Slow Networks / CI - Extended timeouts

{
  "servers": {
    "superFetch": {
      "command": "npx",
      "args": ["-y", "@j0hanz/superfetch@latest", "--stdio"],
      "env": {
        "FETCH_TIMEOUT": "60000",
        "CACHE_ENABLED": "false",
        "LOG_LEVEL": "warn"
      }
    }
  }
}

📚 HTTP Mode Details

HTTP mode uses the MCP Streamable HTTP transport. The workflow is:

POST /mcp with an initialize request and no mcp-session-id header.
The server returns mcp-session-id in the response headers.
Use that header for subsequent POST /mcp, GET /mcp, and DELETE /mcp requests.

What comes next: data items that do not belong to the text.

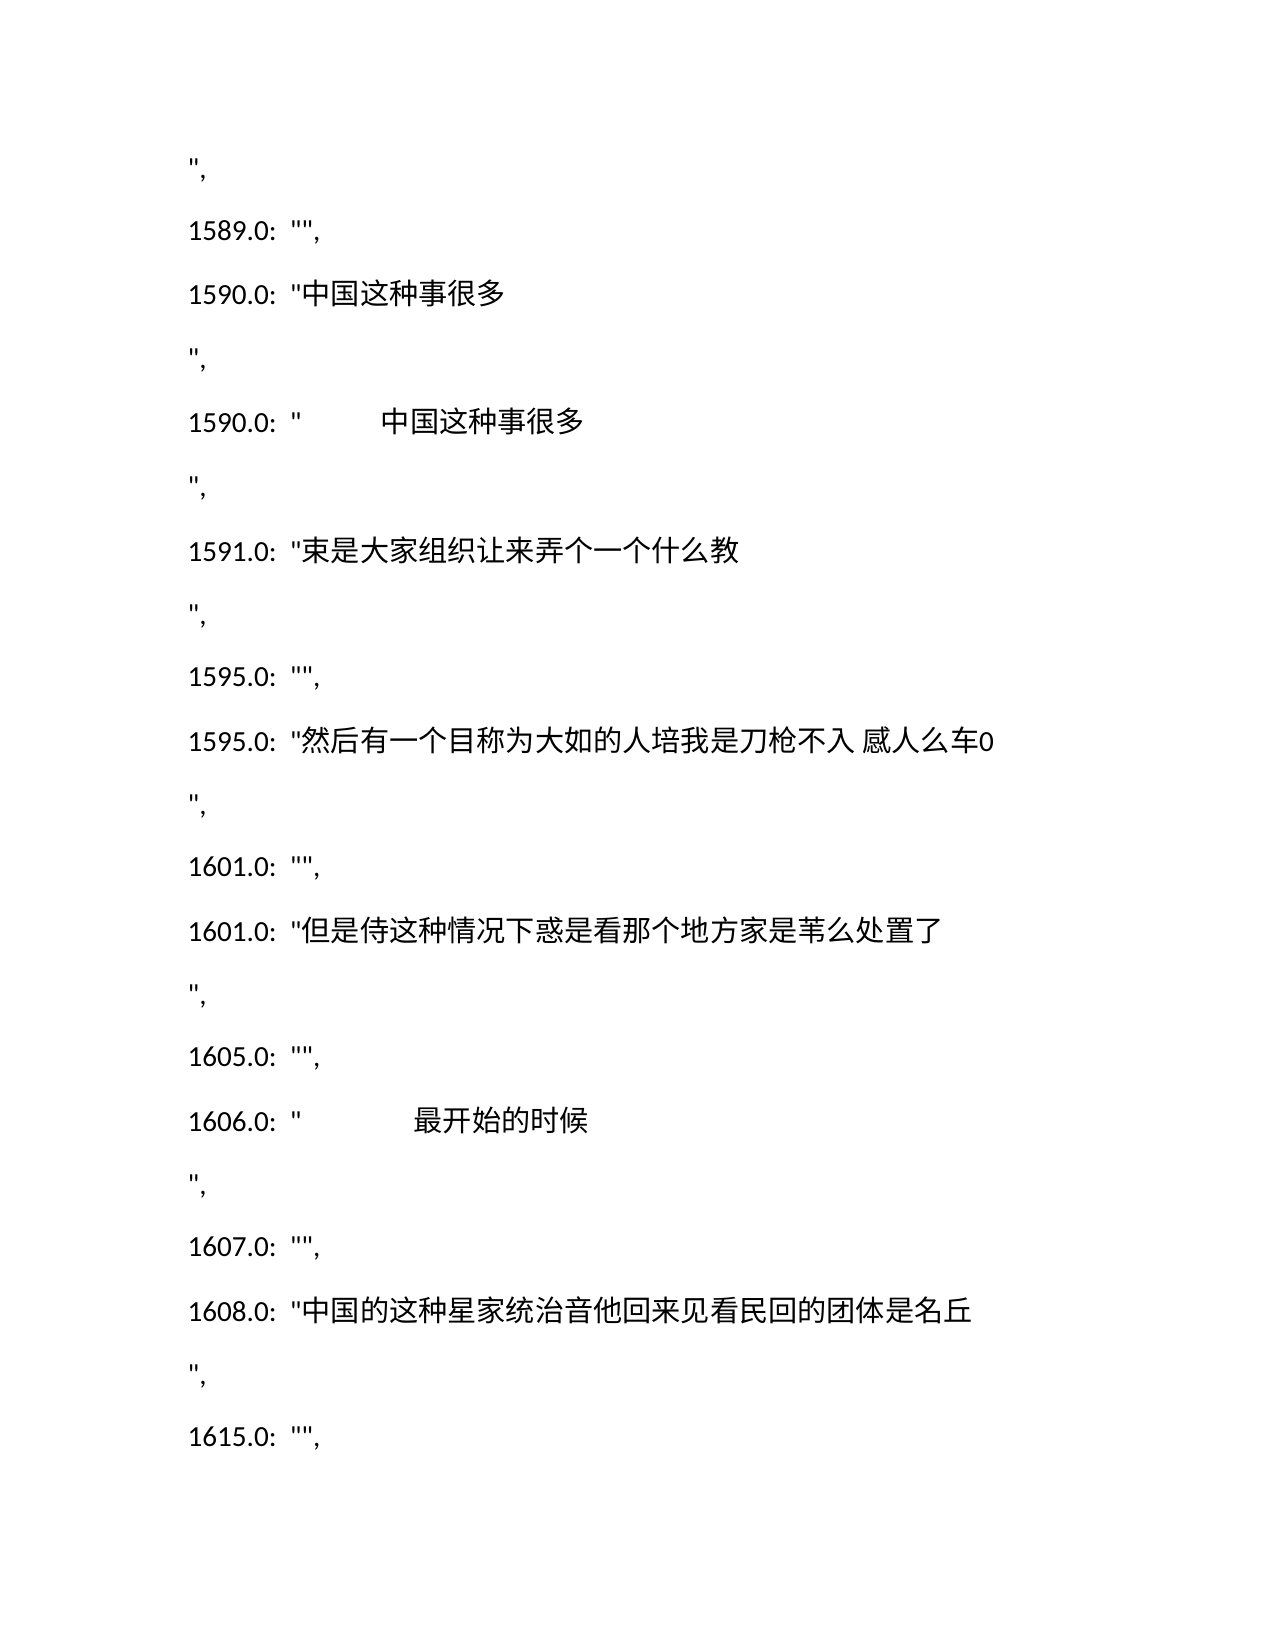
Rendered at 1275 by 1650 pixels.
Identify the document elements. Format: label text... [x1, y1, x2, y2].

text 1607.0: "", [187, 1228, 1087, 1264]
text ", [187, 596, 1087, 632]
text ", [187, 1166, 1087, 1202]
text 1601.0: "", [187, 848, 1087, 884]
text ", [187, 976, 1087, 1012]
text 1590.0: " 中国这种事很多 [187, 402, 1087, 441]
text ", [187, 340, 1087, 376]
text 1595.0: "", [187, 658, 1087, 694]
text ", [187, 786, 1087, 822]
text 1595.0: "然后有一个目称为大如的人培我是刀枪不入 感人么车0 [187, 720, 1087, 760]
text 1590.0: "中国这种事很多 [187, 273, 1087, 313]
text 1589.0: "", [187, 212, 1087, 247]
text 1608.0: "中国的这种星家统治音他回来见看民回的团体是名丘 [187, 1290, 1087, 1330]
text 1591.0: "束是大家组织让来弄个一个什么教 [187, 530, 1087, 570]
text ", [187, 468, 1087, 504]
text 1606.0: " 最开始的时候 [187, 1100, 1087, 1140]
text 1605.0: "", [187, 1038, 1087, 1074]
text 1615.0: "", [187, 1418, 1087, 1454]
text 1601.0: "但是侍这种情况下惑是看那个地方家是苇么处置了 [187, 910, 1087, 950]
text ", [187, 1356, 1087, 1392]
text ", [187, 150, 1087, 186]

If MAX_SESSIONS is reached, the server evicts the oldest session when possible, otherwise returns a 503.

📚 Content Block Types

JSONL output includes semantic content blocks:

Type	Description
`metadata`	Minimal page metadata (type, title, url)
`heading`	Headings (h1-h6) with level indicator
`paragraph`	Text paragraphs
`list`	Ordered/unordered lists
`code`	Code blocks with optional language
`table`	Tables with headers and rows
`image`	Images with src and alt text
`blockquote`	Block quote text

🔧 Security

SSRF Protection

Blocked destinations include:

Localhost and loopback addresses
Private IP ranges (10.x.x.x, 172.16-31.x.x, 192.168.x.x)
Cloud metadata endpoints (AWS, GCP, Azure)
IPv6 link-local and unique local addresses
Internal suffixes such as .local and .internal

URL Validation

Only http and https URLs
No embedded credentials in URLs
Max URL length: 2048 characters

Header Sanitization

Blocked headers: host, authorization, cookie, x-forwarded-for, x-real-ip, proxy-authorization

Rate Limiting

Default: 100 requests/minute per IP (HTTP mode only). Configure with RATE_LIMIT_MAX and RATE_LIMIT_WINDOW_MS.

🔧 Development

Scripts

Command	Description
`npm run dev`	Development server with hot reload
`npm run build`	Compile TypeScript
`npm start`	Production server
`npm run lint`	Run ESLint
`npm run type-check`	TypeScript type checking
`npm run format`	Format with Prettier
`npm test`	Run Vitest tests
`npm run test:coverage`	Run tests with coverage
`npm run bench`	Run minimal performance benchmark
`npm run release`	Create new release
`npm run knip`	Find unused exports/dependencies
`npm run knip:fix`	Auto-fix unused code

Tech Stack

Category	Technology
Runtime	Node.js >=20.12
Language	TypeScript 5.9
MCP SDK	@modelcontextprotocol/sdk ^1.25.1
Content Extraction	@mozilla/readability ^0.6.0
HTML Parsing	Cheerio ^1.1.2, LinkeDOM ^0.18.12
Markdown	Turndown ^7.2.2
HTTP	Express ^5.2.1, undici ^6.22.0
Validation	Zod ^3.24.1

🤝 Contributing

Fork the repository
Create a feature branch: git checkout -b feature/amazing-feature
Ensure linting passes: npm run lint
Run tests: npm test
Commit changes: git commit -m 'Add amazing feature'
Push: git push origin feature/amazing-feature
Open a Pull Request

For examples of other MCP servers, see: github.com/modelcontextprotocol/servers

⚠️ Important Note

This server can access URLs on behalf of AI assistants. Built-in SSRF protection blocks private IP ranges and cloud metadata endpoints, but exercise caution when deploying in sensitive environments.